We will perform GridSearch for each LGBM model of 14 coins.

### (5.1) Hyperparam Tuning

In [None]:
parameters = {
    # 'max_depth': range (2, 10, 1),
    'num_leaves': range(21, 161, 10),
    'learning_rate': [0.1, 0.01, 0.05]
}

new_models = {}
for asset_id, asset_name in zip(df_asset_details['Asset_ID'], df_asset_details['Asset_Name']):
    print("GridSearchCV for: " + asset_name)
    grid_search = GridSearchCV(
        estimator=get_Xy_and_model_for_asset(df_train, asset_id)[2], # bitcoin
        param_grid=parameters,
        n_jobs = -1,
        cv = 5,
        verbose=True
    )
    grid_search.fit(Xs[asset_id], ys[asset_id])
    new_models[asset_id] = grid_search.best_estimator_
    grid_search.best_estimator_


In [None]:
for asset_id, asset_name in zip(df_asset_details['Asset_ID'], df_asset_details['Asset_Name']):
    print(f"Tuned model for {asset_name:<1} (ID={asset_id:})")
    print(new_models[asset_id])

### Evaluation

This forecasting competition aims to predict returns in the near future for prices $P^a$, for each asset $a$. For each row in the dataset, we include the target for prediction, `Target`. `Target` is derived from log returns ($R^a$) over 15 minutes.

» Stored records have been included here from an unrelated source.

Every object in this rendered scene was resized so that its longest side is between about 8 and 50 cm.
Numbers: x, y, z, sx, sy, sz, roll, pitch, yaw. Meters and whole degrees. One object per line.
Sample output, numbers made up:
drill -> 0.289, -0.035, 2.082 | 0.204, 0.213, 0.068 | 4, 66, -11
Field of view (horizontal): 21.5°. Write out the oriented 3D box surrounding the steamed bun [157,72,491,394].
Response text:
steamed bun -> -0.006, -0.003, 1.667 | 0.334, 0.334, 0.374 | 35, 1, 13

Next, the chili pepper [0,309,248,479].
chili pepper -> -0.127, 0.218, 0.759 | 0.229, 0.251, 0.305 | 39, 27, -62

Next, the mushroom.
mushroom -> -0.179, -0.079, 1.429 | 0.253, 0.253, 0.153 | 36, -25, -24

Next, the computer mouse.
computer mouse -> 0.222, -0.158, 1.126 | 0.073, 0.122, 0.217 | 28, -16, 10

$$R^a(t) = log (P^a(t+16)\ /\ P^a(t+1))$$

Crypto asset returns are highly correlated, following to a large extend the overall crypto market. As we want to test your ability to predict returns for individual assets, we perform a linear residualization, removing the market signal from individual asset returns when creating the target. In more detail, if $M(t)$ is the weighted average market returns, the target is:

$$M(t) = \frac{\sum_a w^a R^a(t)}{\sum_a w^a}  \\
\beta^a = \frac{\langle M \cdot R^a \rangle}{\langle M^2 \rangle} \\
\text{Target}^a(t) = R^a(t) - \beta^a M(t)$$

where the bracket $\langle .\rangle$ represent the rolling average over time (3750 minute windows), and same asset weights $w^a$ used for the evaluation metric.

In [None]:
# df_pred = []

# for j , row in valid_data.iterrows():        
#     if new_models[row['Asset_ID']] is not None:
#         model = new_models[row['Asset_ID']]
#         x_test = get_features(row)
#         y_pred = model.predict(pd.DataFrame([x_test]))[0]
#         df_pred.append(y_pred)
#     else: 
#         df_pred.append(0)

# print(df_pred)
    

In [None]:
# # We will simplify things and use correlation (without weights) for evaluation, and consider only BTC.
# print('Test score for BTC: ', f"{np.corrcoef(df_pred[df_pred["Asset_ID"]==1].set_index("timestamp")["Target"], valid_data[valid_data["Asset_ID"]==1].set_index("timestamp")["Target"]):.2f}")

<a id="submission"></a>
## (6) Submission

In [None]:
env = gresearch_crypto.make_env()
iter_test = env.iter_test()

for i, (df_test, df_pred) in enumerate(iter_test):
    for j , row in df_test.iterrows():        
        if new_models[row['Asset_ID']] is not None:
            try:
                model = new_models[row['Asset_ID']]
                x_test = get_features(row)
                y_pred = model.predict(pd.DataFrame([x_test]))[0]
                df_pred.loc[df_pred['row_id'] == row['row_id'], 'Target'] = y_pred
            except:
                df_pred.loc[df_pred['row_id'] == row['row_id'], 'Target'] = 0
                traceback.print_exc()
        else: 
            df_pred.loc[df_pred['row_id'] == row['row_id'], 'Target'] = 0  
    
    env.predict(df_pred)

<a id="conclusion"></a>
# (7) Personal Conclusion

As my first public contribution to Kaggle, this inspired me to participate in more competitions, perform regular data science projects, and learn about trading strategies and develop my own crypto algo trading bot.